About a week after Christmas, I logged into my bank account. And there it was, my check to BN had cleared. Seeing that ripped away the illusion that I was fine with not hearing back from him. I actually found myself angry and hurt that BN had time to deposit my check, but not enough time to say “thank you.” I was really wrestling with how to handle this. As strong as the bitter feelings of “see, the money IS the important part” and “I don’t really matter” and the classic favorite, “see, he WAS happy to get rid of me!” were, I actually was able to hang unto the fact that I knew none of those feelings reflected the truth. I contacted a few friends when I was wrestling with whether to contact BN and one pointed out that this was different from leaving your dentist. That it was, and still is, a significant relationship and that access to an attachment figure would probably always be a sensitive spot for me. Both friends normalized how I was feeling (one of them was quite satisfyingly annoyed with BN. 🙂 ) So I realized that no matter how stupid I felt, (what’s a disruption without shame?) I should call. When I decided to call him it was Saturday of New Year’s weekend, so I waited until Monday so as not to interrupt the holiday weekend (I hasten to add, it would have been ok to call right away, I just felt more comfortable waiting until he was in the office.)

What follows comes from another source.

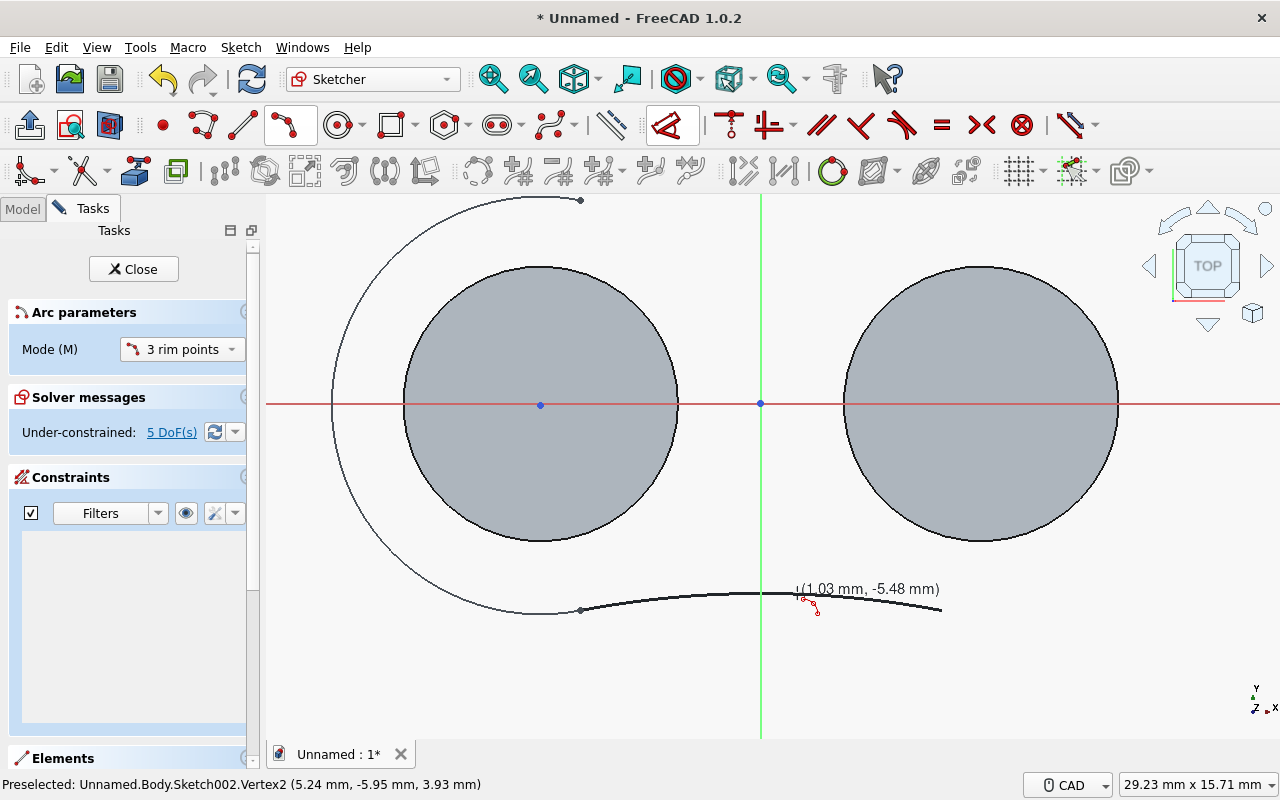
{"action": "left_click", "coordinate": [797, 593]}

Monday morning I called his answering service and said I needed to speak to BN. He called back around 15 minutes later (he was between sessions). We said hello, then I told him that I was feeling ashamed of how I felt, but knew it was important to call. I explained about not hearing back, then seeing the canceled check. I also told him I knew that my feelings weren’t a good reflection of reality but told him that I was angry and hurt. But as I thought about what was bothering me, it connected on a deep level to an abusive dynamic with my father. My father would act affectionate to draw me in, but the second the abuse was over and his needs were fulfilled I was abandoned. So I told BN that seeing the cancelled check and not hearing back from him evoked a feeling that he had gotten what he needed and abandoned me. Bless that man, he audibly winced when I said it and he connected very powerfully with what feelings must be coming up for me.
He was very warm and caring. He told me that he was very glad that I called, that he knew this was a difficult call to make. And he recognized that while I understood what the truth was, that we had discussed this in the past that when these deep feelings got triggered it was really important to check in and be reassured. He also said it was very gracious of me to send the gift, then fumbled a bit trying to remember what I gave him. The call helped immensely.
When I got off the phone I felt a little sad that I thought I had found the perfect gift, but BN struggled to even remember what it was. But then I realized that he remembers the truly important things. When I told him how I felt, his visceral reaction of what it must have called up in me, meant the world. He carries my experience with him and deeply understands why I would feel the way I do. I think I can overlook a little absent-mindedness over a gift. While I am not as important to BN as he is to me, I am important enough that he is still there, still recognizing who he is to me, and still available when I need to check in.